Она отдала мне стакан. Я понюхала вино, и меня передернуло от кислого, резкого запаха. Но деваться было некуда, я выпила вино залпом. Мама сидела на стуле и пила мелкими глотками. Одной рукой она сжимала стакан, другая как-то рассеянно и неловко бродила по голым коленкам, как будто мама не могла до конца поверить, что вот это и есть ее тело.
— Я не понимаю, почему так произошло, — сказала мама, — мы были с ним счастливы.
Я молчала.
— Ты ничего мне не скажешь? — мама всхлипнула. — Я ведь ничего плохого не сделала! У нас годовщина должна была быть… Я платье новое купила, думала, ему понравится… И тени. Тебе, кстати, они не нужны? Я отдам тебе тени! Они мне не подходят…
— Стоит только на секунду отключить процесс собственного бурного воображения, и ты обнаруживаешь себя резиновой куклой, которую вертит, как хочет, откровенный клоун, — сказала я. — Весь мир на этом держится, мама, на том, что ты, я и все прочие женщины думают про страстную любовь.
— Я… — мама запнулась, — я говорю о человеческих отношениях!..
Я поморщилась.
— Ну, только не надо про человеческие отношения. У меня глаза на лоб от этой ахинеи лезут.
Мама молчала.
— Как только я слышу про человеческие отношения, долг, семью, бескорыстие, я сразу понимаю, что человек и секунды в себе не копался, и ему так страшно, что он все что угодно сделает, лишь бы перенести внимание с себя на тебя. Как будто это ты лично ответственна за галиматью, заваренную у него в башке обществом. Людям стыдно, — сказала я, — стыдно признаться, что им всего мало. Денег, радости, любви, хорошего секса…
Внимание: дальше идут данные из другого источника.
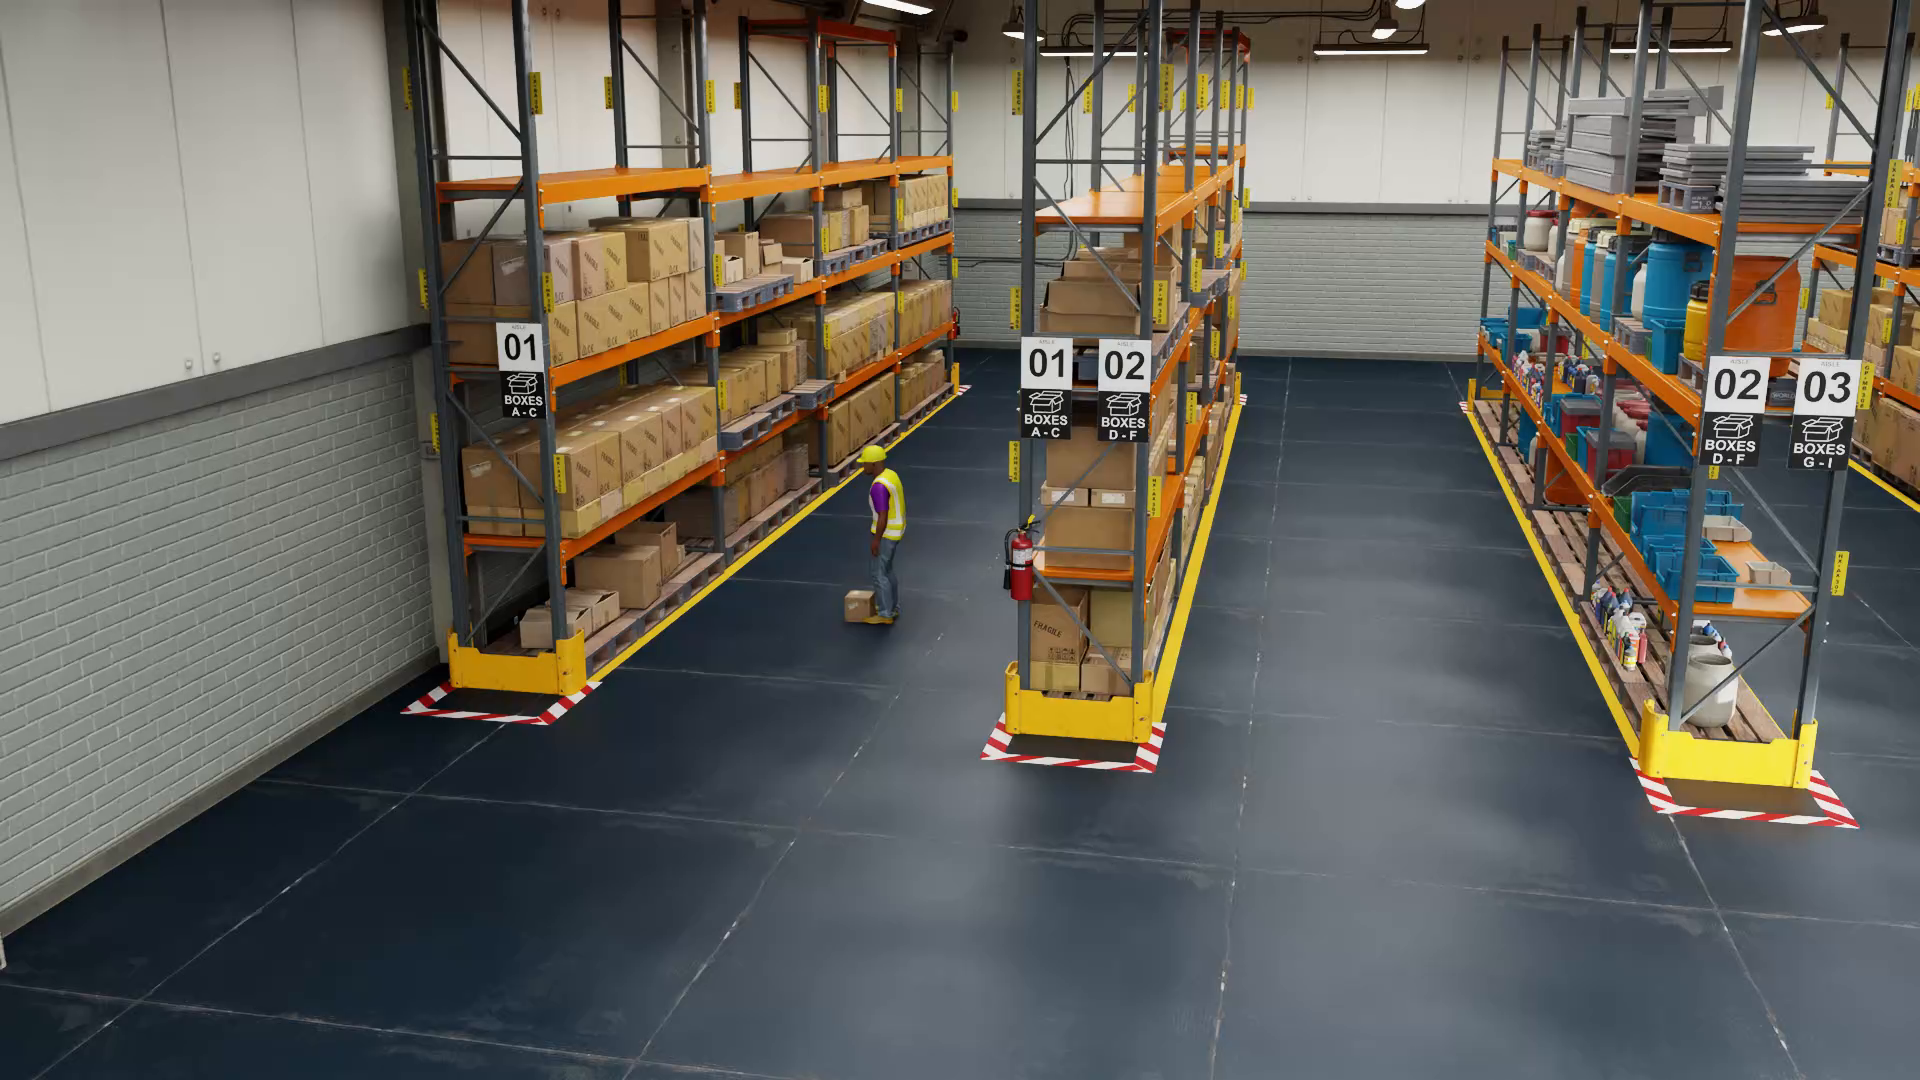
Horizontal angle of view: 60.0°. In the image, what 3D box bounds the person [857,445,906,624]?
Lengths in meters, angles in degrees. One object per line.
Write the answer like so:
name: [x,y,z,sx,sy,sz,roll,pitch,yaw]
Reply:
person: [-0.764,-0.061,16.220,0.463,1.755,0.625,2,15,9]
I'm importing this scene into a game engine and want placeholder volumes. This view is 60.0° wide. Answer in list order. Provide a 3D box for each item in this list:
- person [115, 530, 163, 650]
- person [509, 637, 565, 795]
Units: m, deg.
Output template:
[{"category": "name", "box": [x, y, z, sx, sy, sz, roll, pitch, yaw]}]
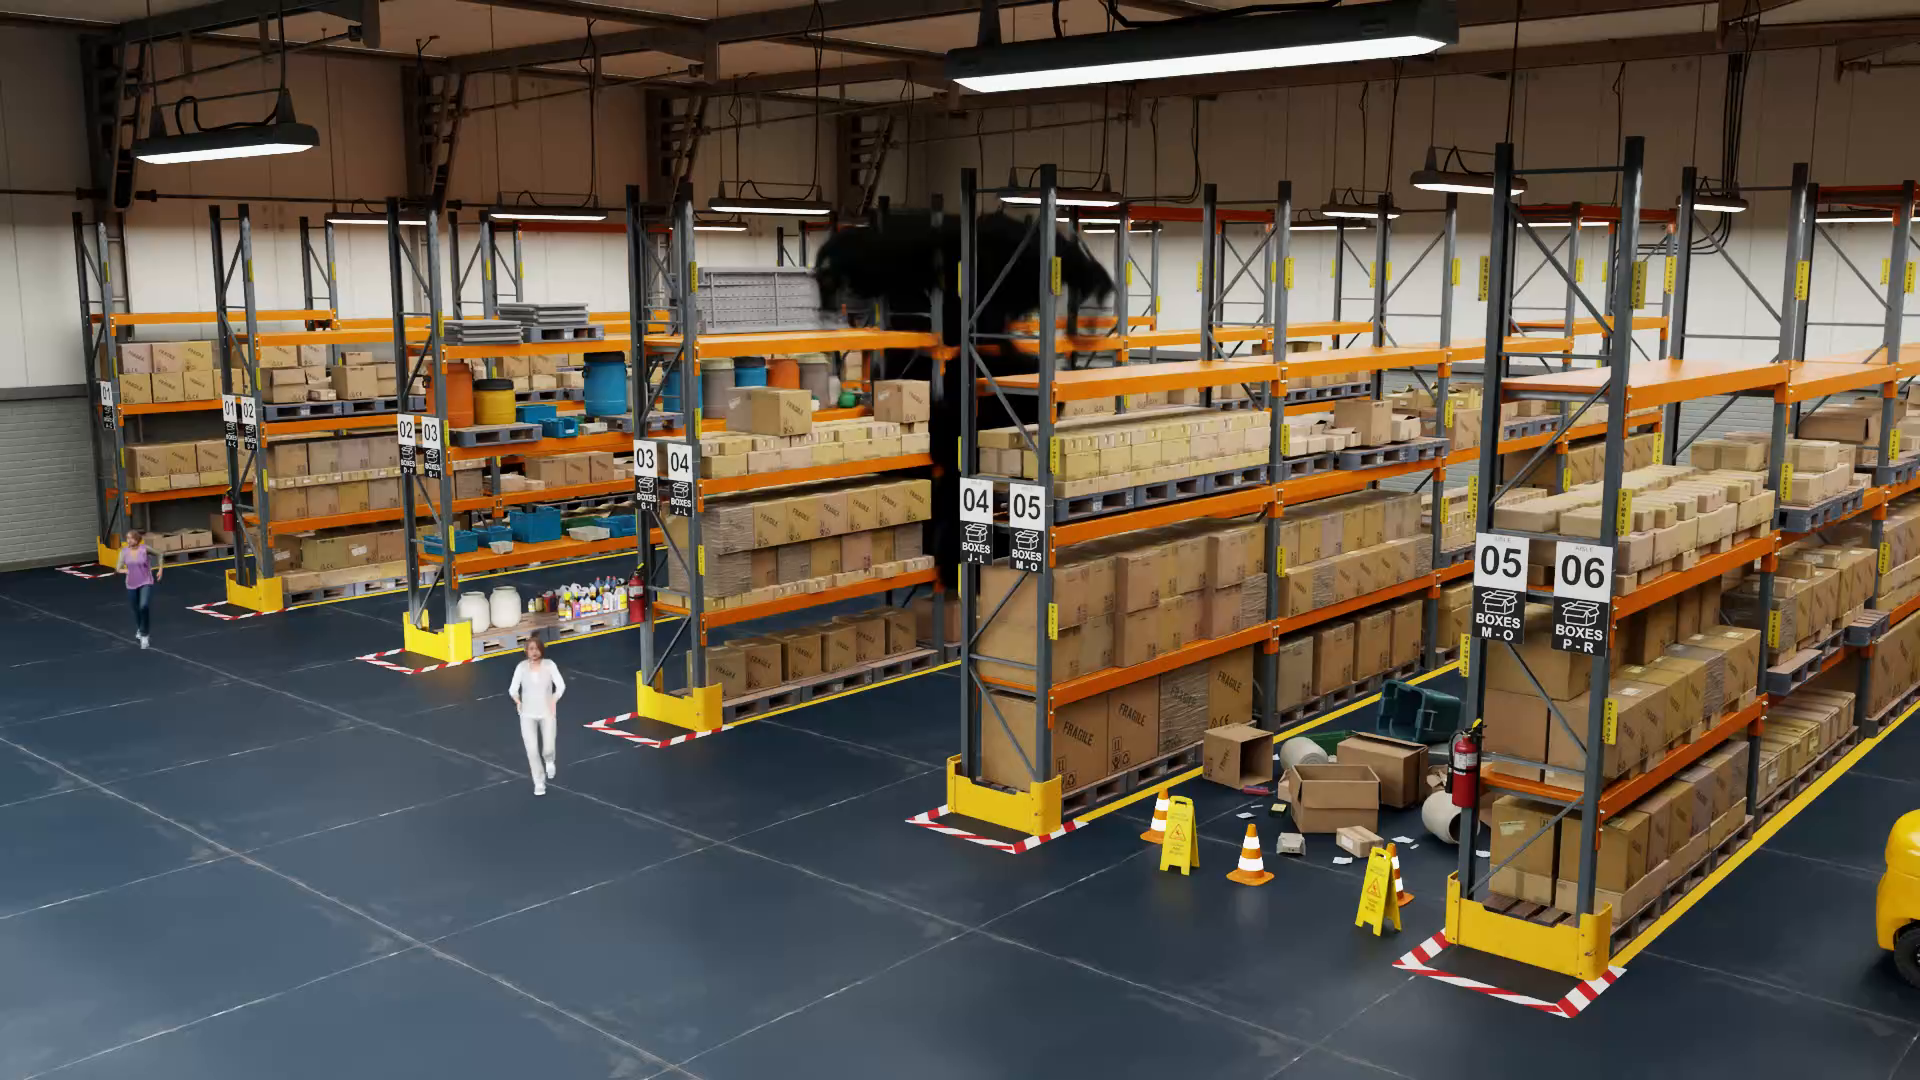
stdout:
[{"category": "person", "box": [-11.115, 0.655, 22.569, 0.546, 1.609, 0.833, -2, 10, -12]}, {"category": "person", "box": [-4.145, 1.716, 16.308, 0.533, 1.548, 0.562, -2, 10, -10]}]
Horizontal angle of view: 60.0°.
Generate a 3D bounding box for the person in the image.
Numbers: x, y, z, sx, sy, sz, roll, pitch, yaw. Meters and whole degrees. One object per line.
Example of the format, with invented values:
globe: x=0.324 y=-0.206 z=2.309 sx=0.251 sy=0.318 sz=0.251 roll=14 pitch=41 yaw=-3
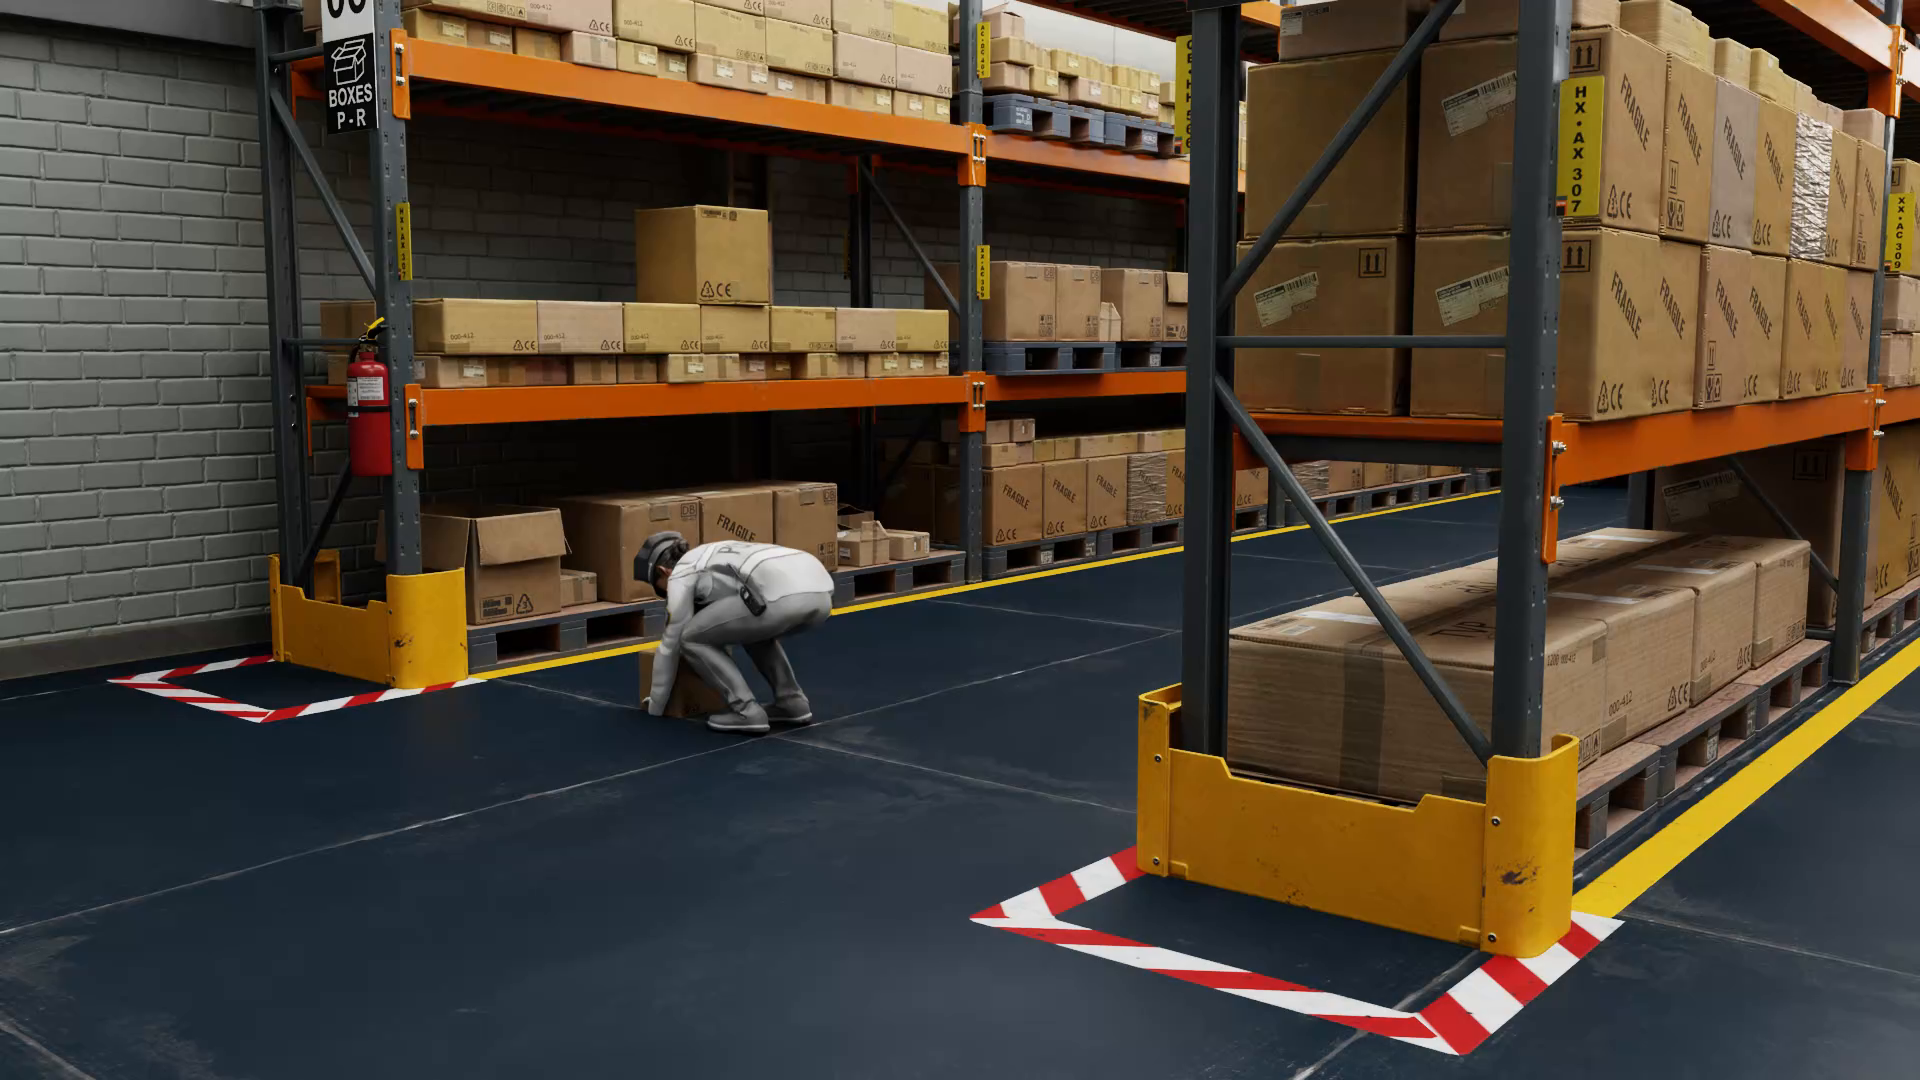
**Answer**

— А тебе? — вдруг спросила мама. — Тебе не стыдно?
— Нет, — ответила я. — В отличие от всех остальных я понимаю, что дело не во мне, а просто так устроен мир. Именно мир, мама, я не иллюзии, за которые ты хватаешься. Я и есть реальность, и я никому не нужна. Потому что непонятно, как меня можно вынести, не свихнувшись и не впав в отчаяние.
Я вышла из кухни, в коридоре щенок грыз задник моего кроссовка. Анютик неподвижно стояла около окна в нашей комнате.
— Ты вернулась? — спросила она, не оборачиваясь.
— В каком-то смысле, — ответила я.
— Представляешь, — сказала она, улыбнувшись, — а я беременна.
Эта информация превосходила меру того, что я могла вытерпеть от жизни.
— Ты… ты не можешь так поступить, — прошептала я, у меня почему-то пропал голос.
— А что мне остается? — плаксиво возразила Анютик. — Ты бросила меня! Ты живешь своей жизнью! А я не хочу быть одна, я хочу иметь кого-то, кто будет меня любить…
— Ты не имеешь права обрекать другого человека на все это, — мне хотелось схватить ее и трясти так, чтобы оторвалась ее дурацкая голова, чтобы у нее вылетели глаза и зубы, чтобы эта гниль, эта проклятая болезнь вытекла у нее через уши.
— А может быть, ничего и не будет, — сказала она, — может, все будет хорошо.
У меня больше не было сил. Не было ресурса. Я сама едва стояла на ногах.
— Он просил тебя сделать аборт? — спросила я.
— Да, — кивнула Анютик. — А когда я отказалась, ушел. Но это не удивительно. Все они такие, все они уходят. Марек вон вообще ушел в такое место, где ты его никогда не достанешь.